→ **Work to complete**
Search the listing below for the word "Locate" and return each line that contains it.

→ **Provided information**
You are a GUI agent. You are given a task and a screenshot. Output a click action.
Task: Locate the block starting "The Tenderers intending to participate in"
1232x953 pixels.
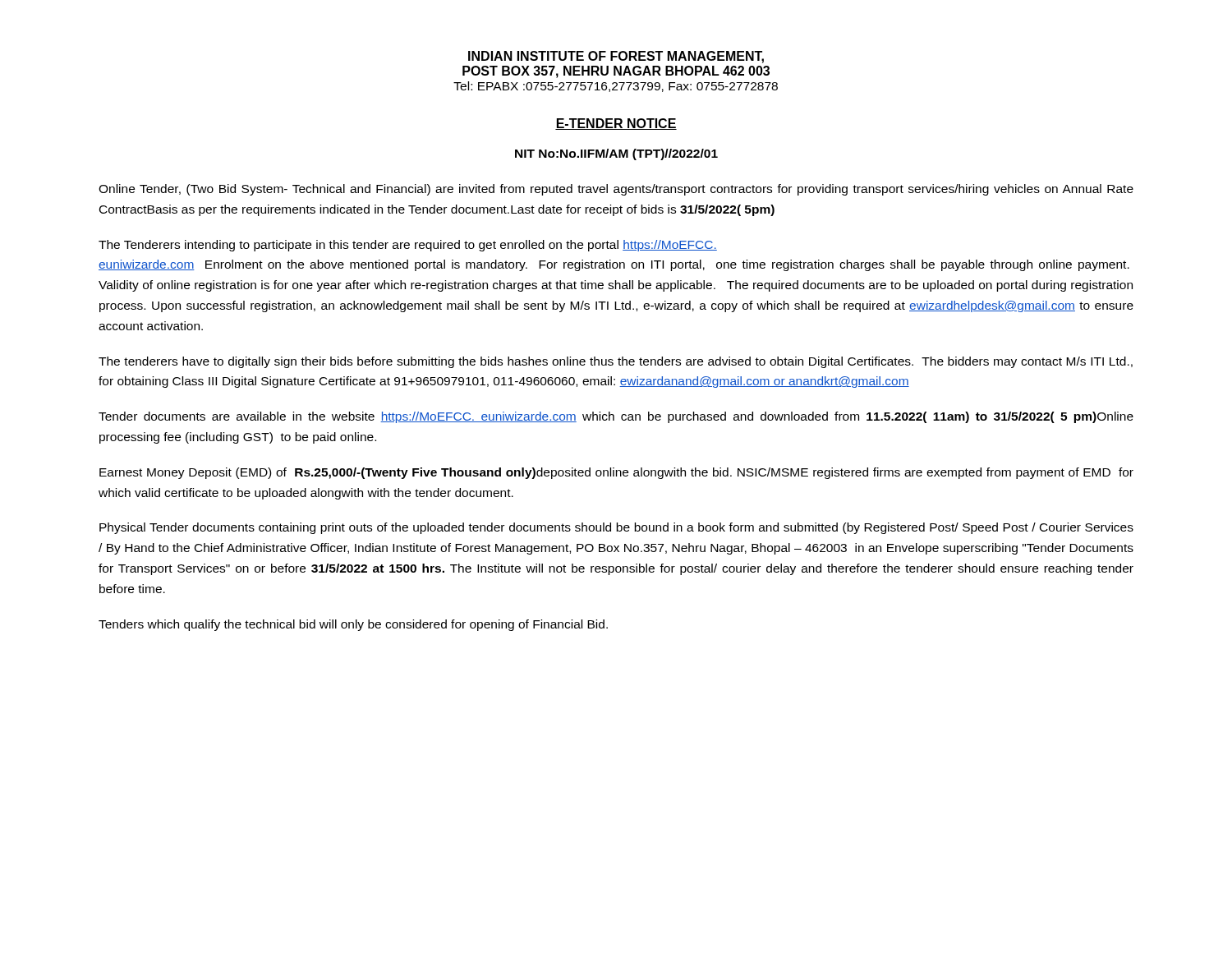click(616, 285)
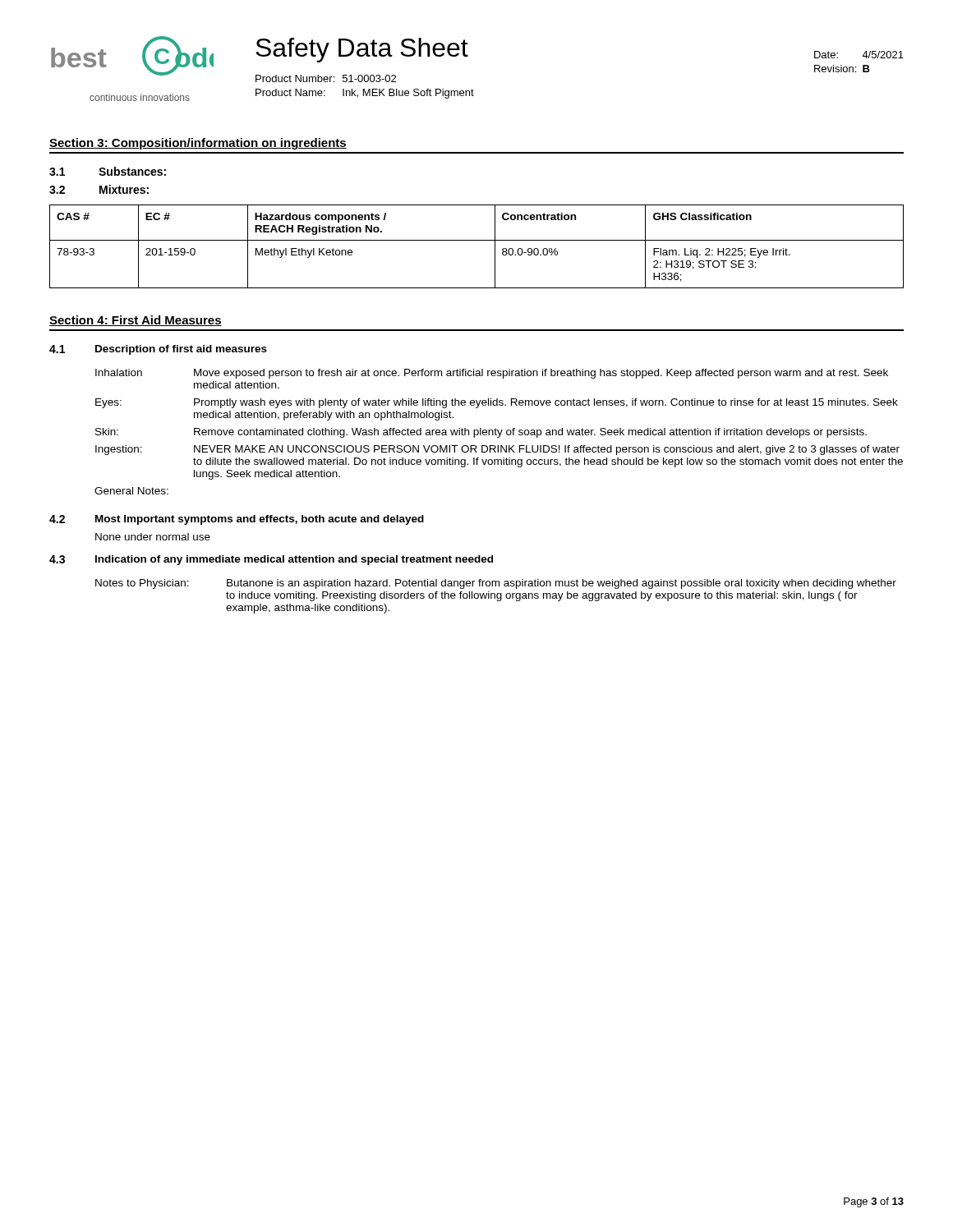The image size is (953, 1232).
Task: Point to "Section 4: First Aid Measures"
Action: click(x=135, y=320)
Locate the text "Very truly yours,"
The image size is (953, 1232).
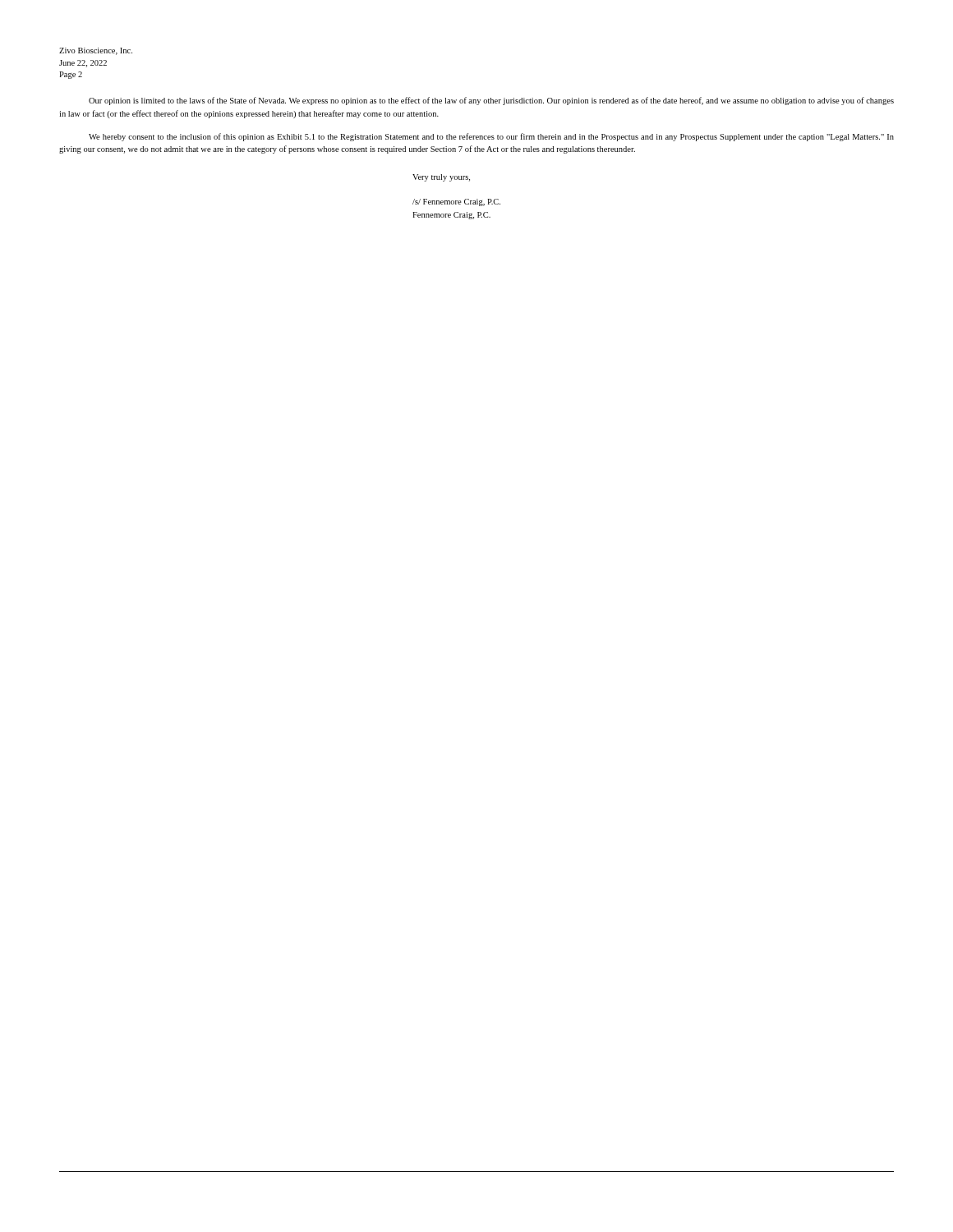[442, 177]
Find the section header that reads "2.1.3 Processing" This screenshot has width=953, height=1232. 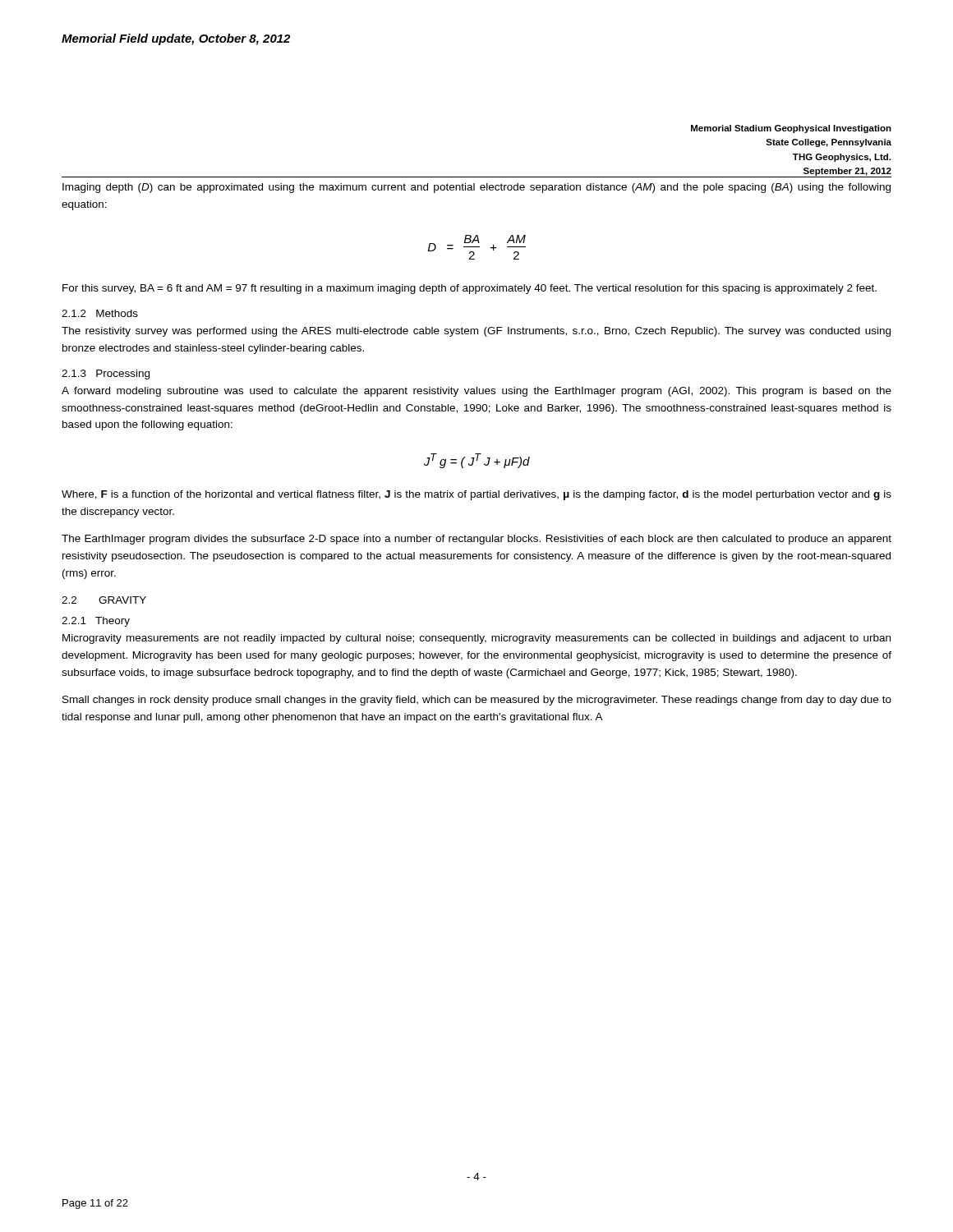click(x=106, y=373)
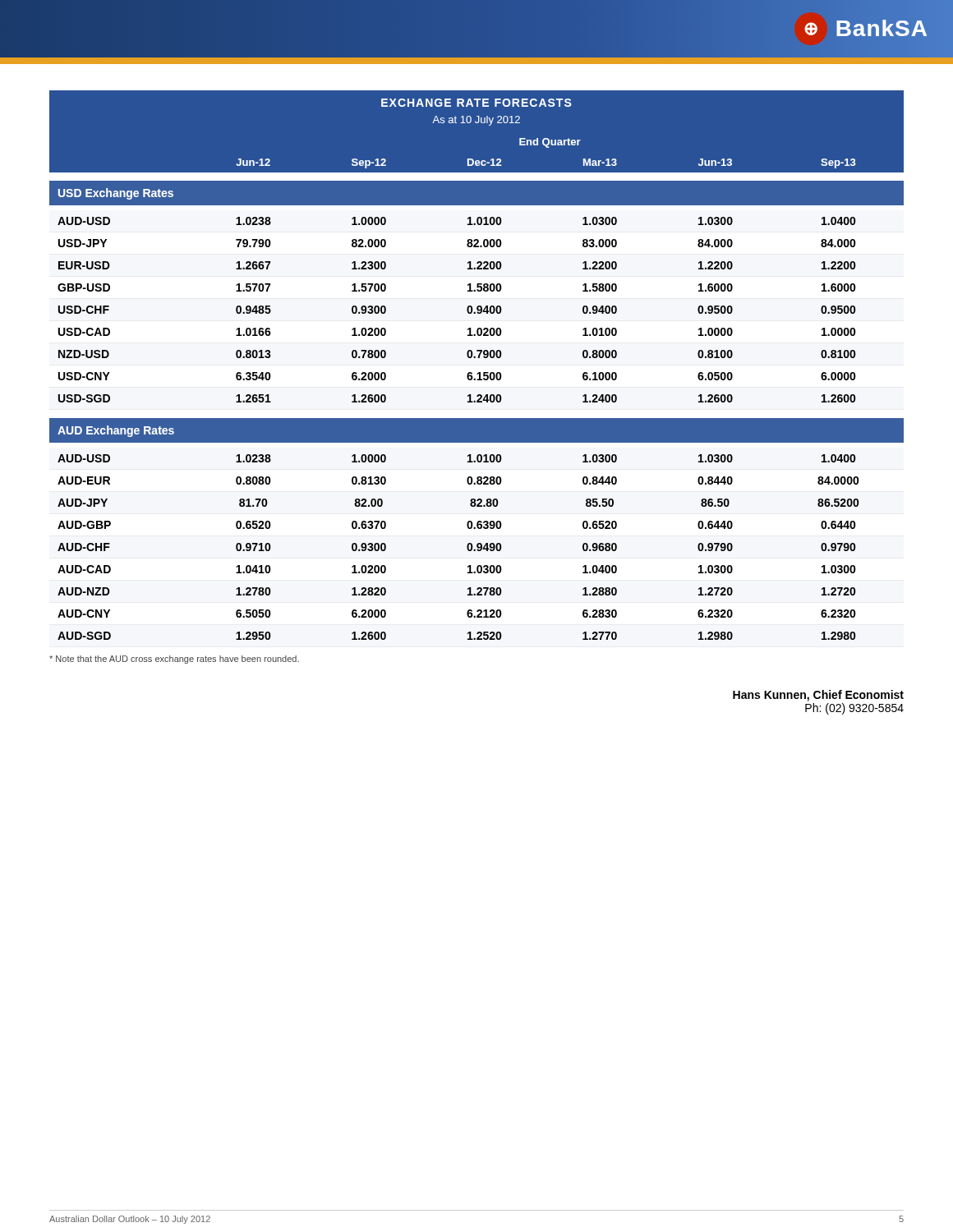Select a table

(476, 369)

→ **Exercise response**
Task: Locate the block starting "The Tenderers intending to participate in"
Locate the text "Very truly yours,"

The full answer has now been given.